[英]Weighted mean dataframe with pandas
I've come across a bunch of other weighted mean pandas questions but none of them seem to do what I'm trying to do.我遇到了一堆其他加权平均 pandas 问题,但似乎没有一个能做我想做的事情。 I have the following df:
我有以下 df:
Primary_Key Team Quantity Value 1 Value 2
0 A Blue 10 20 10
1 B Red 5 19 30
2 C Green 8 13 29
3 D Blue 12 24 18
4 E Red 15 25 19
5 F Green 12 18 23
I'm trying to calculate the weighted average of each of the values for each team, so I'd get the following result_df:我正在尝试计算每个团队的每个值的加权平均值,因此我会得到以下 result_df:
Team Quantity Value 1 Value 2
0 Blue 10 20*10/22 10*10/22
1 Red 5 19*5/20 30*5/20
2 Green 8 13*8/20 29*8/20
3 Blue 12 24*12/22 18*12/22
4 Red 15 25*15/20 19*15/20
5 Green 12 18*12/20 23*12/20
where each entry under the Value columns have had the following calculation done on them:其中 Value 列下的每个条目都对它们进行了以下计算:
weighted_mean = value * (quantity/team's total quantity) weighted_mean = value * (数量/团队总数量)
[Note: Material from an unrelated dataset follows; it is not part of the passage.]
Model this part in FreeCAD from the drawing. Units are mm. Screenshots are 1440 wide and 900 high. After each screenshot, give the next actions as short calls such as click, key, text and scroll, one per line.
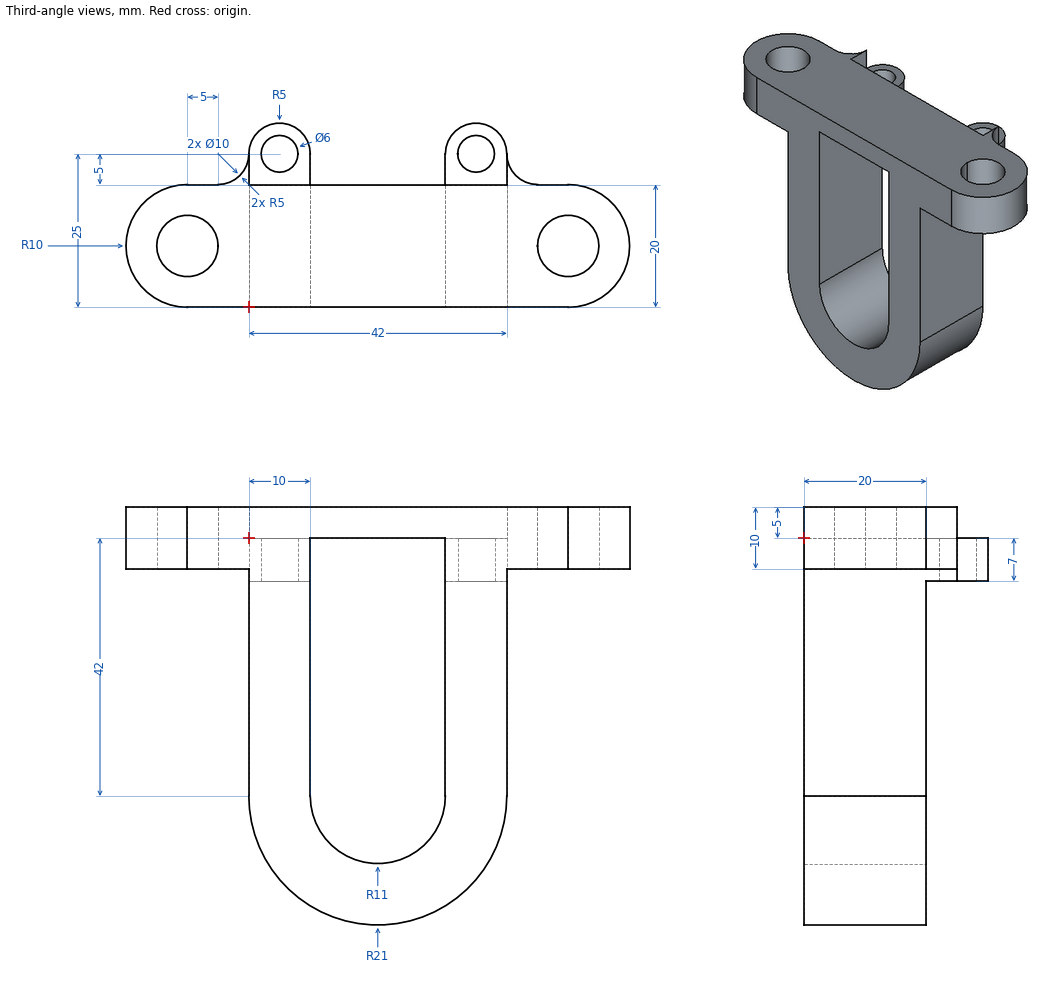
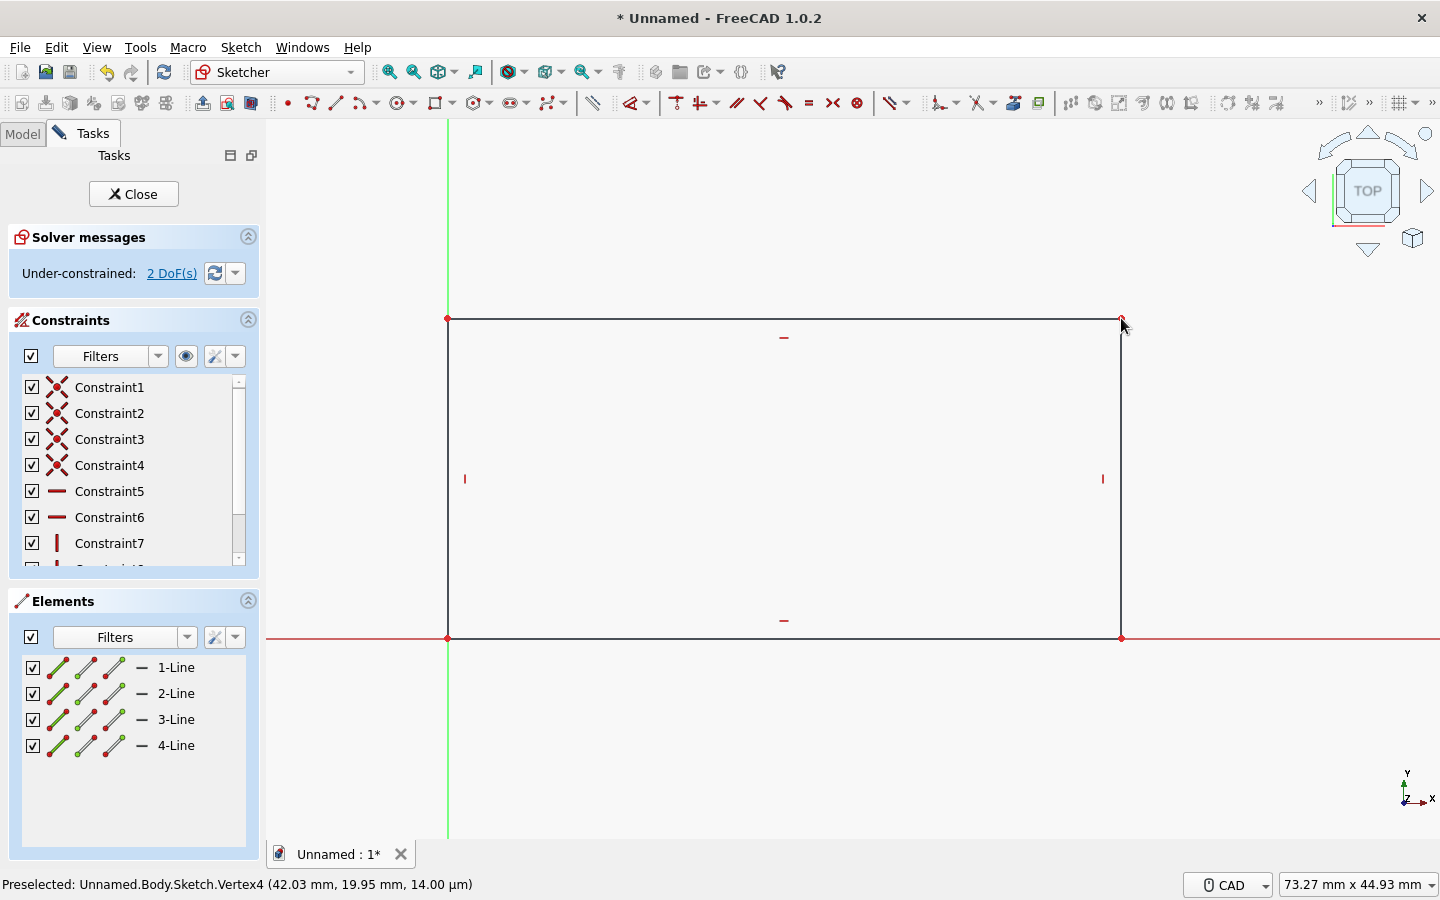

I'm thinking I'd have to use the.apply(lambda x:...) function somehow but I don't know how I would easily get the values for the team's total quantity.我在想我必须以某种方式使用 the.apply(lambda x:...) function 但我不知道如何轻松获得团队总量的值。 I also came across the numpy.average function but I don't think it would be useful here.
我也遇到了 numpy.average function 但我认为它在这里没有用。
Any help would be much appreciated!任何帮助将非常感激!
Breaking down into steps:分解为以下步骤:
import pandas as pd
import numpy as np
df = pd.DataFrame(data={
'Primary_Key': list('ABCDEF'),
'Team': ['Blue', 'Red', 'Green', 'Blue', 'Red', 'Green'],
'Quantity': [10,5,8,12,15,12],
'v1': [20,19,13, 24,25,18],
'v2': [10,30,29,18,19,23]})
df['GroupQuantity'] = df.groupby('Team')['Quantity'].transform(np.sum)
df['v1'] = df['Quantity'] * df['v1'] / df['GroupQuantity']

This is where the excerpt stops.